● **Exercise**:
Could you please output only the lines from the one holding "Answer needed: an" through the end of the listing below, exactly as written and without pictures?

-=-=-

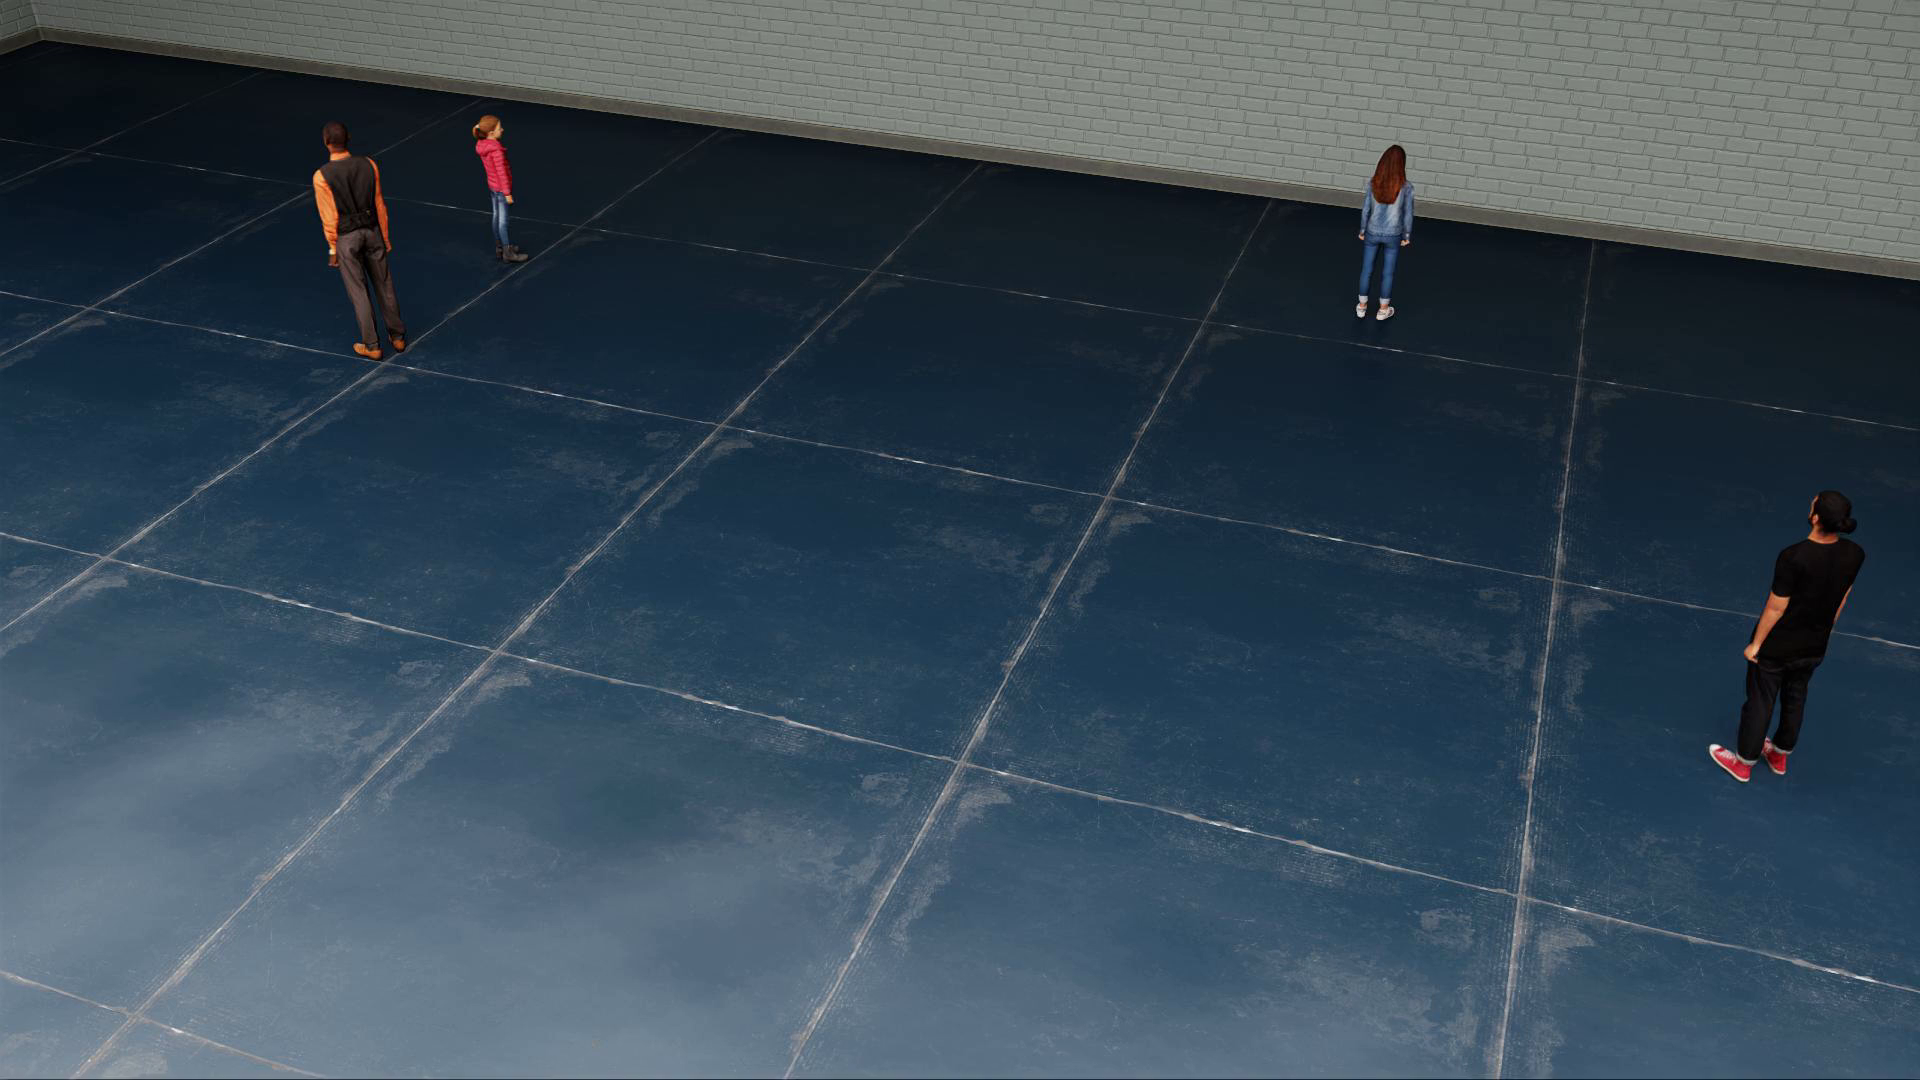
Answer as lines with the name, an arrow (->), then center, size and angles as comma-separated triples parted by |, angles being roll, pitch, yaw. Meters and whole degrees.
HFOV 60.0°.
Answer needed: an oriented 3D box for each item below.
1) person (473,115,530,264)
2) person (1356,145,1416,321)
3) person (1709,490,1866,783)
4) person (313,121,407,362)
person -> -4.084, -3.108, 14.704 | 0.643, 1.317, 0.596 | -18, 37, -25
person -> 3.479, -2.523, 13.658 | 0.580, 1.476, 0.511 | 14, 35, 20
person -> 4.371, 0.512, 8.735 | 0.714, 1.756, 0.729 | -7, 34, -11
person -> -4.680, -2.332, 12.969 | 0.714, 1.908, 0.843 | -27, 42, -35
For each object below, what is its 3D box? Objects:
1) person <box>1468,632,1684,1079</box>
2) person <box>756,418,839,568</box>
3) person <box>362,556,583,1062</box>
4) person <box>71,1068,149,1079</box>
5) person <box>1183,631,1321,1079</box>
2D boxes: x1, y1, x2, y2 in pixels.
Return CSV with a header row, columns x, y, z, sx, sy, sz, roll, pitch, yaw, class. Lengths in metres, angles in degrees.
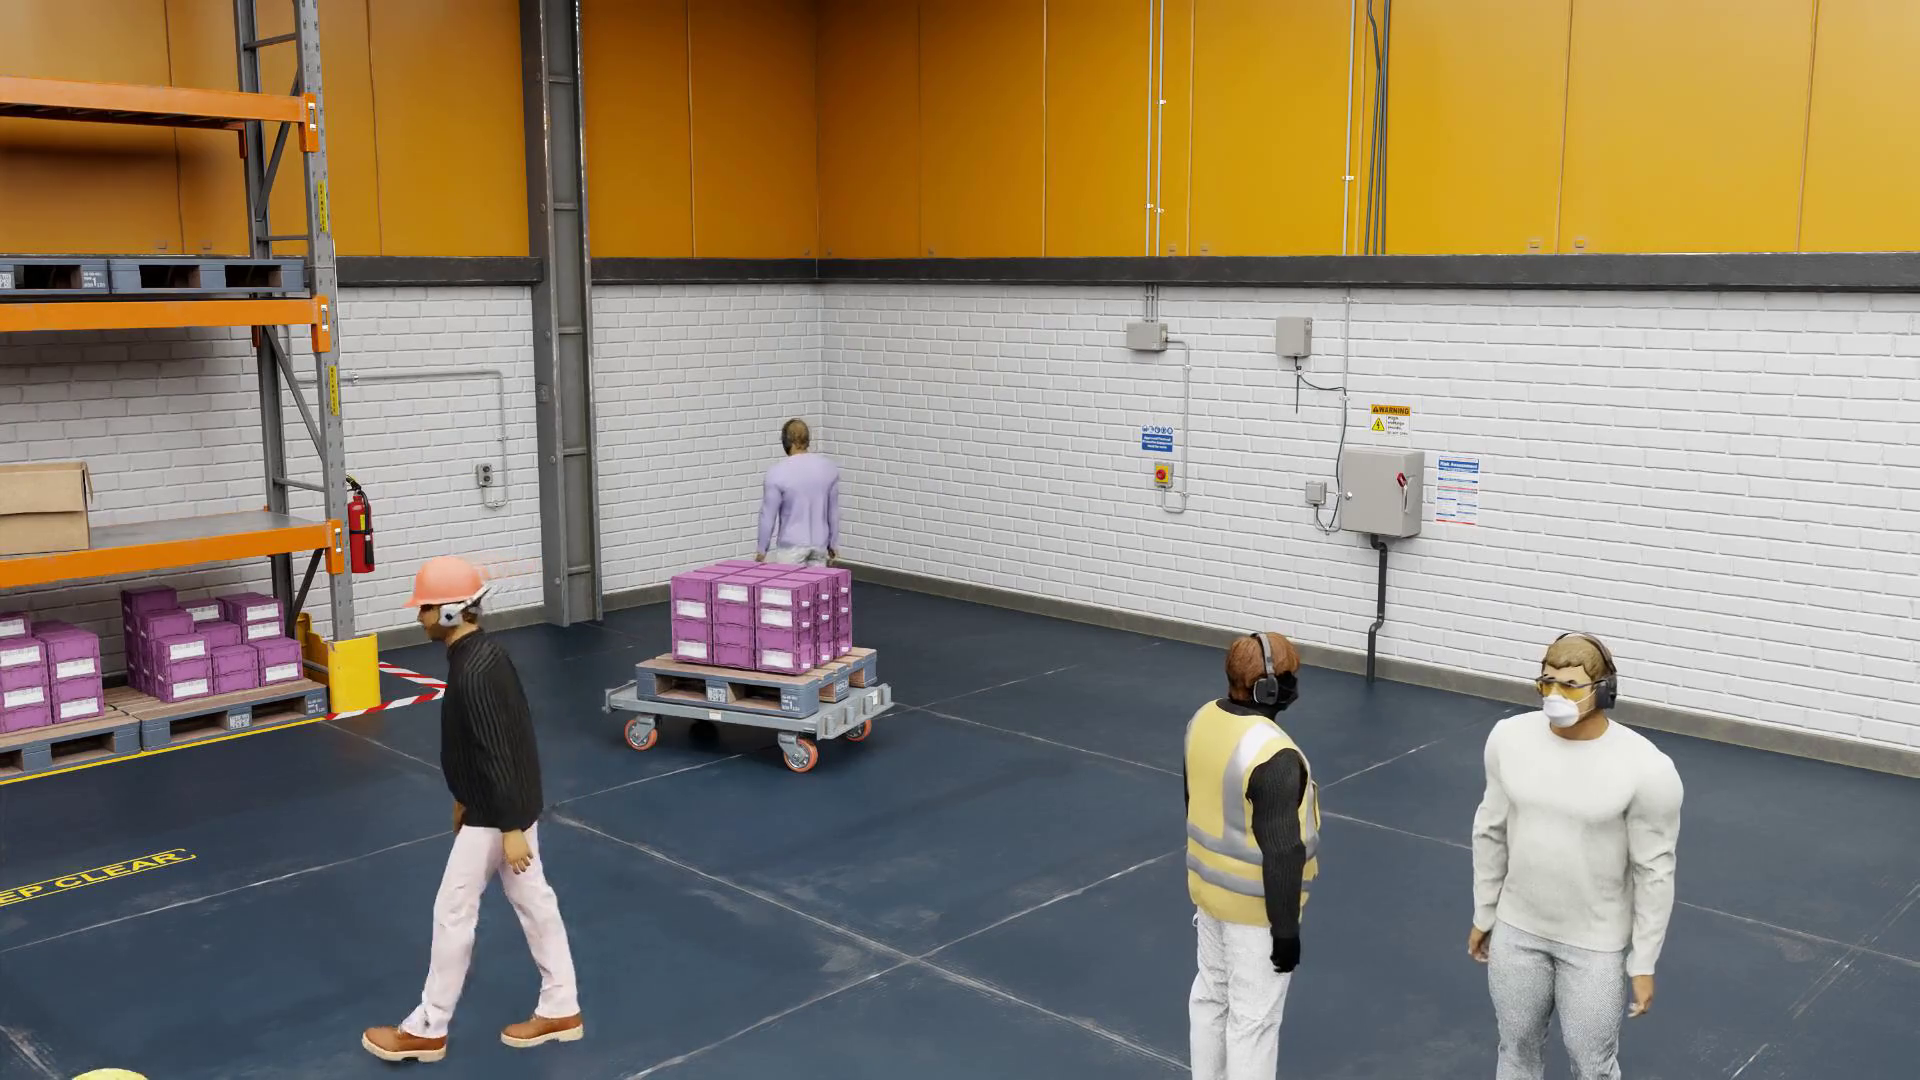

-=-=-

● **Written answer**:
Answer needed: an oriented 3D box for each item below.
1) person (473,115,530,264)
2) person (1356,145,1416,321)
3) person (1709,490,1866,783)
4) person (313,121,407,362)
person -> -4.084, -3.108, 14.704 | 0.643, 1.317, 0.596 | -18, 37, -25
person -> 3.479, -2.523, 13.658 | 0.580, 1.476, 0.511 | 14, 35, 20
person -> 4.371, 0.512, 8.735 | 0.714, 1.756, 0.729 | -7, 34, -11
person -> -4.680, -2.332, 12.969 | 0.714, 1.908, 0.843 | -27, 42, -35
For each object below, what is its 3D box? Objects:
1) person <box>1468,632,1684,1079</box>
2) person <box>756,418,839,568</box>
3) person <box>362,556,583,1062</box>
4) person <box>71,1068,149,1079</box>
5) person <box>1183,631,1321,1079</box>
2D boxes: x1, y1, x2, y2 in pixels.
Return CSV with a header row, columns x, y, z, sx, sy, sz, roll, pitch, yaw, class. Lengths in metres, angles in degrees.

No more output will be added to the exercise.